Anil Gomes leads Our Lady of Lourdes Church’s troupe at the Boithaki Gaan performance in Bonpara on Feb. 12. (Photo: Stephan Uttom/UCA News)
By Stephan Uttom and Rock Ronald Rozario
Feb 27 2021
Modern life, a lack of religiosity among young people and migration to cities threaten the survival of Boithaki Gaan
About 3,000 Catholics, from children to the elderly, thronged to Our Lady of Lourdes Church in Bonpara in Bangladesh’s Natore district to attend the annual feast of Mother Mary.
As the feast day Mass ended on Feb. 12, the crowd flocked to the area just outside the church to attend the Boithaki Gaan (assembly music) performance by two Catholic troupes from Our Lady of Lourdes Church and St. Francis Xavier Church.
For about two hours, the two 15-member groups delivered emotional performances with religious and spiritual music based on stories from the Bible, including the creation, the fall of Adam and the life and death of Jesus, that enchanted the audience.
“God made Adam by clay, made statue of Adam, blew into his nose, breathed life into him,” a troupe started singing to the accompaniment of drums, flute, harmonium and clapping.
As the musical episode progressed before an entranced audience, one troupe sang about how the Archangel Gabriel approached Mary to announce that Jesus would be born from her womb.
The performance in Bonpara, some 220 kilometers north of Bangladeshi capital Dhaka, was sponsored by church authorities. It was an attempt to revive a nearly dead Christian folk music tradition that was once widely popular among Bengali Catholics in Dhaka Archdiocese and Rajshahi Diocese.
Traditionally, Boithaki Gaan used to be sung in Christian villages during religious feasts like Christmas in Bhawal district of Dhaka, one of the country’s largest and oldest Catholic settlements.
Christian men and women used to sit on a mat in a circle on the ground and sing songs with drums, harmonium and clapping. The musical event ended with performers and the audience eating locally prepared Christmas cake.
Often, the group made door-to-door visits to get blessings for elders and as a gesture of greetings and solidarity with neighbors.
The songs’ lyrics are in a Bengali dialect spoken by Catholics in Bhawal and northern Bangladesh.
Initially, the songs started as an oral tradition. In the 1940s, Peter Dominic Rozario, a Catholic catechist-teacher from St. John the Baptist Church in Gazipur of Bhawal, composed the songs along with 17 other religious folk plays and devotional songs.
The tradition was shared with Bengali Catholic parishes in Natore and Pabna districts when thousands of Catholics from Bhawal migrated to the north about a century ago.
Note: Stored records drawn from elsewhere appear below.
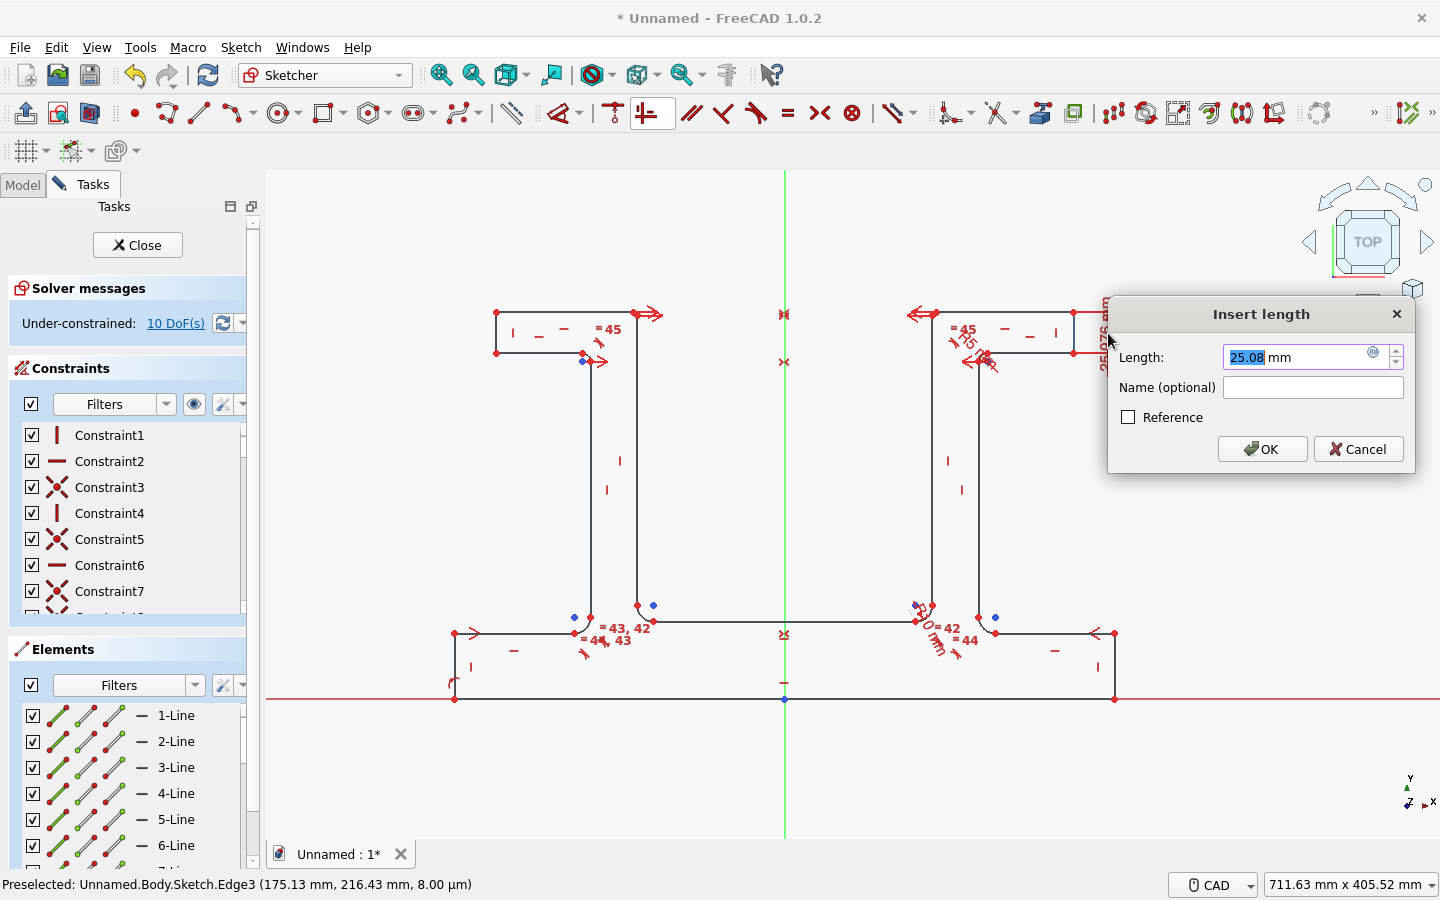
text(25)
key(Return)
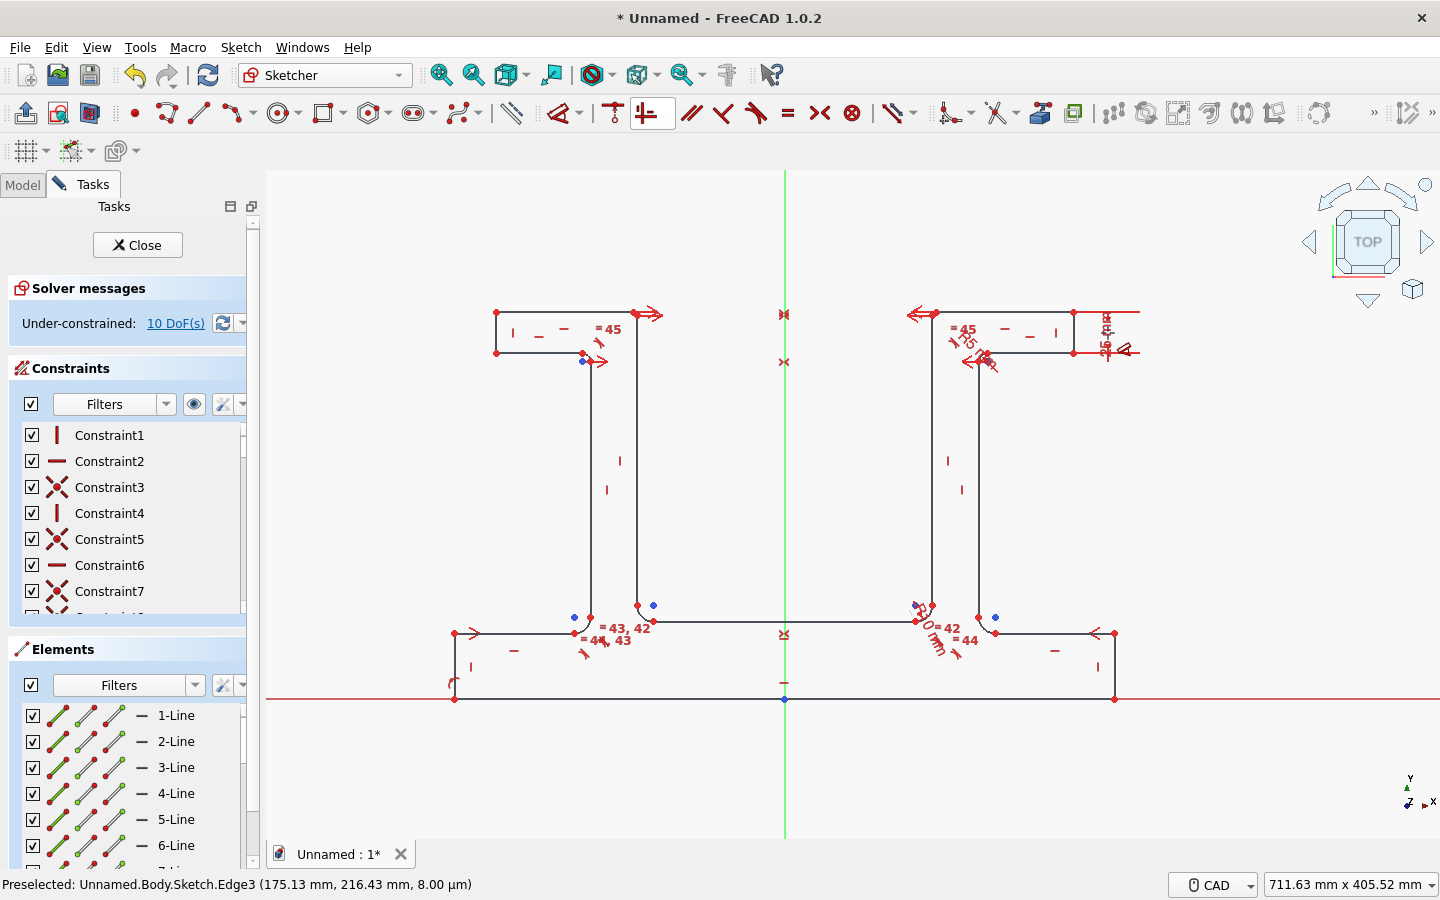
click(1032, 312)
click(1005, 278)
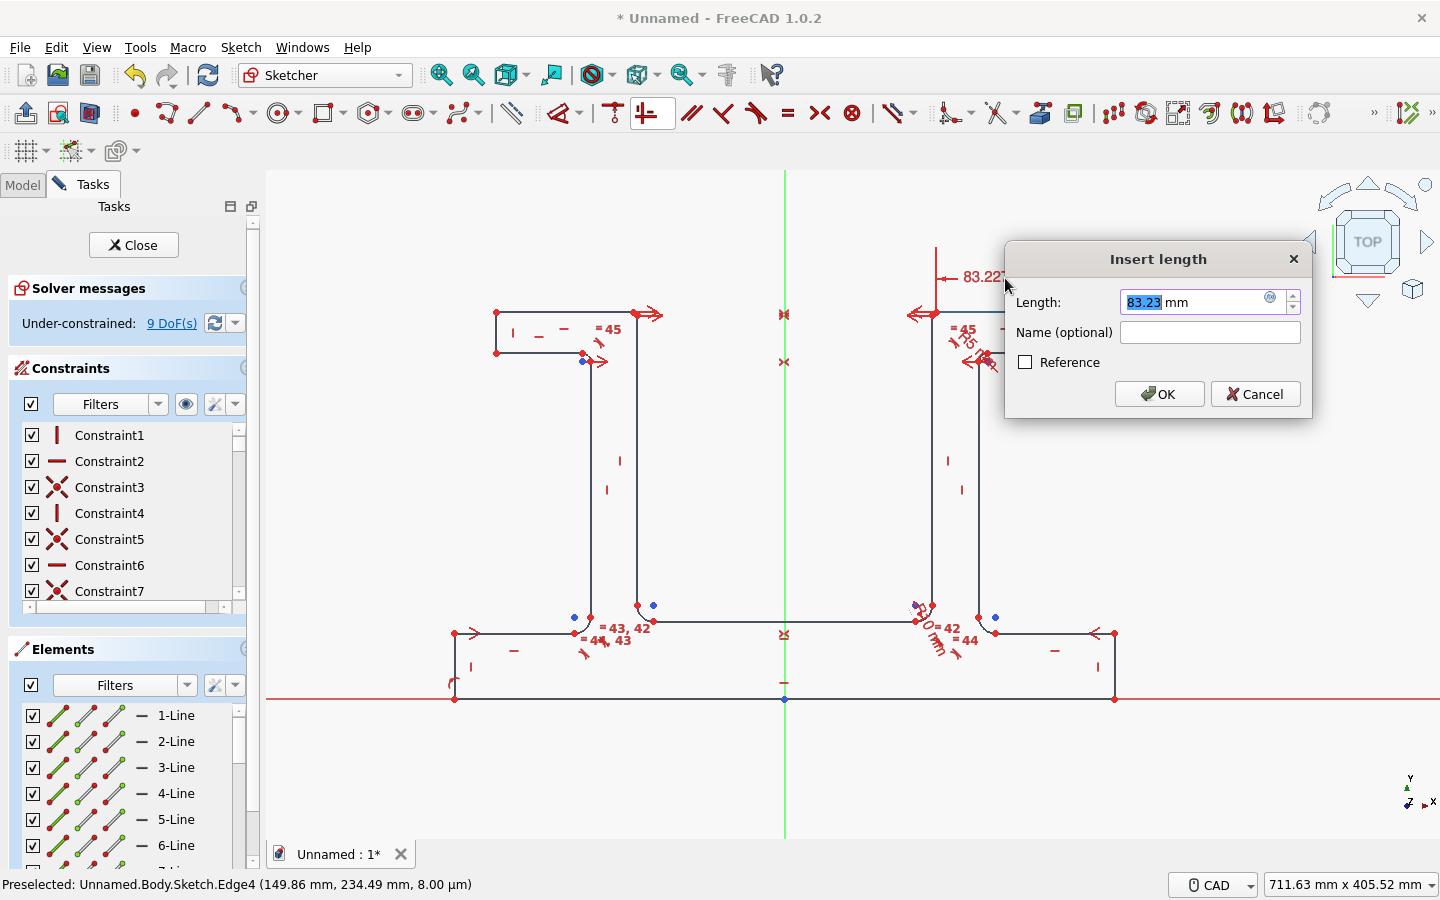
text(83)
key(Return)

Komol Gregory, 67, leader of a Boithaki Gaan troupe, said he has been proudly following the ancestral tradition.
“My father’s ancestral house was in St. John the Baptist Church in Gazipur and my father and others brought these songs with them. Boithaki songs are spiritual and are a form of prayer and spirituality, especially during Christmas,” Gregory told UCA News.
The songs have a greatness in spirit that nourishes the soul and must be preserved, he said.
“When I was a child, I used to go to different houses with my father and uncles and sing these songs. Now we are probably the last generation to carry on this tradition. We are trying wholeheartedly to revive these songs for the next generations. We need to encourage and organize our new generations for this tradition,” Gregory added.
St. Francis Xavier Church’s troupe performs Boithaki songs. (Photo: Stephan Uttom/UCA News)
A dying tradition
Amid busy modern life, a lack of religiosity among the younger generation and migration to cities for education and jobs, the tradition of Boithaki Gaan is dying slowly, lamented Robert Corraya, 50, a Catholic farmer from Our Lady of Lourdes Church.
“During my childhood, although I didn’t understand the songs, I joined with other children in a group. I could not sing but I would clap my hands and pray and eat cake. It allowed me to understand the greatness of Christmas,” Corraya recalled.
It is a pity that the boys and girls of the present generation do not have any basic knowledge of singing these songs as they are more inclined to modern-day entertainment, he said.
“We have talked to the priest and have plans to stage a performance at least once a year in front of thousands of Catholics in order to encourage the new generation to learn and keep alive this musical tradition. We can also organize it in villages too,” Corraya added.
The program on Feb. 12 came as a cultural shock to 23-year-old Sumon Costa, a university student in Dhaka.
“For the first time I listened to Boithaki songs. When I heard the words of the songs, the sound of the drum, the melody of the flute, all at once, my mind and my body became excited,” Costa told UCA News.
Costa wants to learn about this musical genre and vowed to hold it “in the heart.”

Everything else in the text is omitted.